Le tango nuevo : de la primauté de la musique au primat du geste.

Le tango nuevo suscite souvent des débats passionnés et enflammés entre ses amateurs et adeptes et ceux qui aiment ou préfèrent le tango argentin appelé, à tort, traditionnel.
Il suffit de parcourir et de lire des commentaires sur des forums pour constater que leur cohabitation dans les milongas n’est pas aisée pouvant être même parfois conflictuelle.
La conséquence directe de ces débats et discussions sans fin comme celles du temps de la scolastique du Moyen Âge qui résultent d’un problème mal posé, a été la constitution de deux blocs le plus souvent antagonistes, les tenants de l’un ou l’autre pouvant se considérer alors comme les détenteurs de la vérité sur le tango, d’où les expressions « vrai tango », « ce n’est pas du tango », etc. En réalité, il s’agit aujourd’hui non pas tant d’un problème concernant les détenteurs de la vérité mais de deux mondes complètement à part, légitimes tous les deux mais qui doivent être nettement séparés.

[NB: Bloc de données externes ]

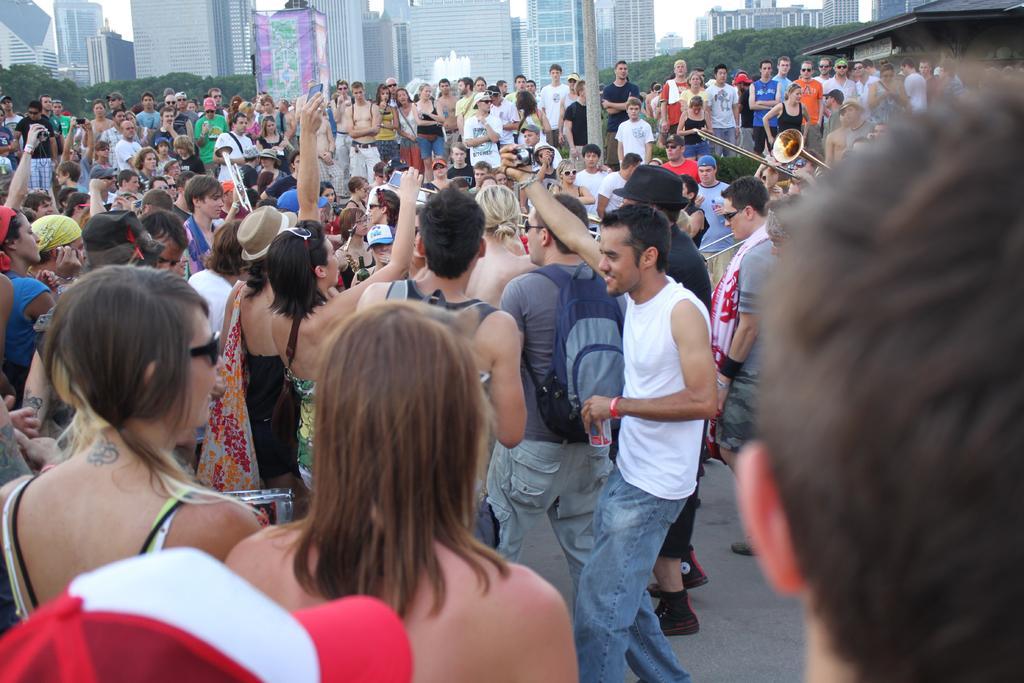How would you summarize this image in a sentence or two? In this image I can see number of people are standing. I can see few of them are wearing hats and few of them are holding musical instruments. I can also see few of them are carrying bags. In the background I can see number of trees and number of buildings. 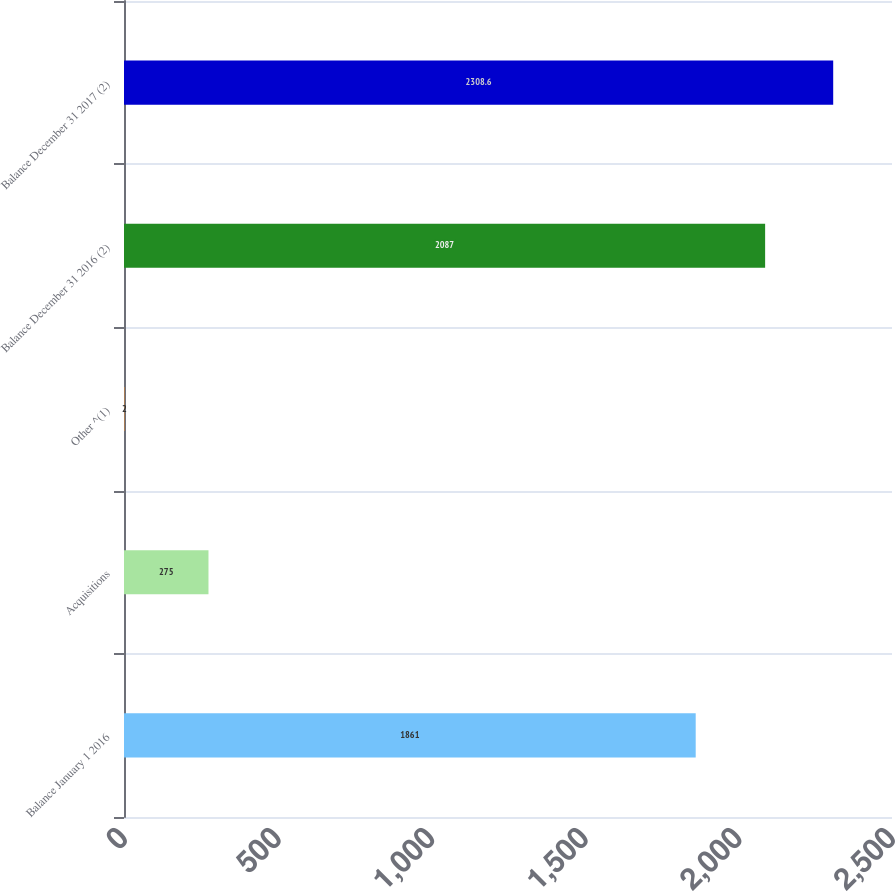Convert chart to OTSL. <chart><loc_0><loc_0><loc_500><loc_500><bar_chart><fcel>Balance January 1 2016<fcel>Acquisitions<fcel>Other ^(1)<fcel>Balance December 31 2016 (2)<fcel>Balance December 31 2017 (2)<nl><fcel>1861<fcel>275<fcel>2<fcel>2087<fcel>2308.6<nl></chart> 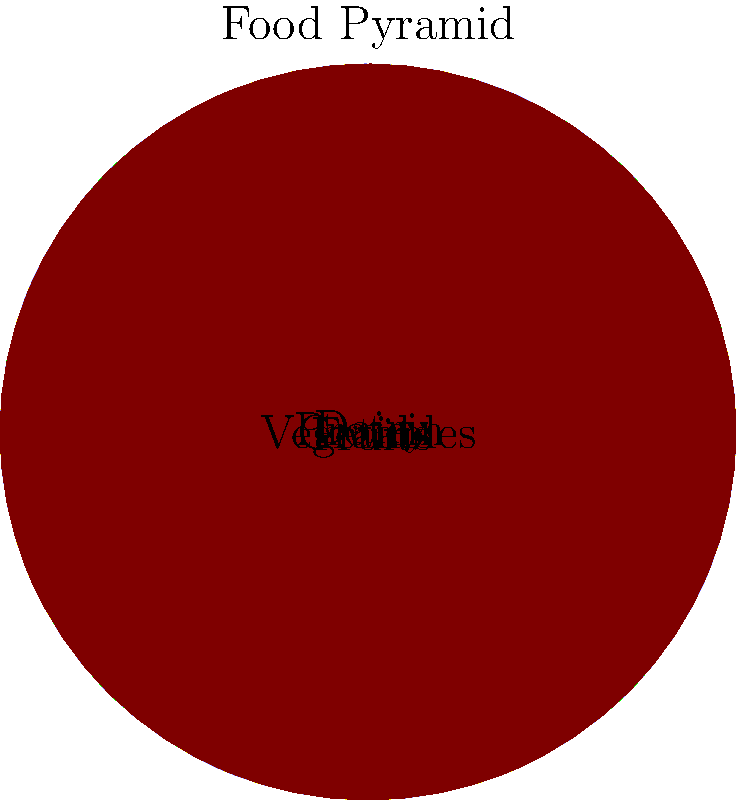According to the food pyramid shown, which food group has the highest recommended daily servings? To determine which food group has the highest recommended daily servings, we need to analyze the food pyramid diagram:

1. The food pyramid is divided into five sections, each representing a different food group.
2. The size of each section corresponds to the recommended daily servings for that group.
3. The food groups shown are: Grains, Vegetables, Fruits, Dairy, and Protein.
4. By comparing the sizes of the sections:
   - Grains occupy the largest portion of the circle
   - Vegetables and Protein have equal, smaller portions
   - Fruits and Dairy have the smallest, equal portions
5. The largest section corresponds to the food group with the highest recommended daily servings.

Therefore, the food group with the highest recommended daily servings is Grains.
Answer: Grains

La situation actuelle n’est pas simple. Elle est la conséquence de plusieurs éléments qui, additionnés au fil du temps, ont complètement dénaturé tant le tango traditionnel que le tango nuevo.

Ainsi, rarement dans l’histoire artistique dont la danse est une des composantes, une expression, en l’occurence « tango nuevo » aura été aussi mal choisie sur le plan terminologique mais surtout mal comprise au point d’aboutir à un véritable contresens qui, si on y réfléchit attentivement, explique en très grande partie la difficile cohabitation entre le tango argentin et le tango nuevo.

1) Les définitions.

La définition du tango argentin n’est déjà pas facile car plusieurs composantes entrent en ligne de compte.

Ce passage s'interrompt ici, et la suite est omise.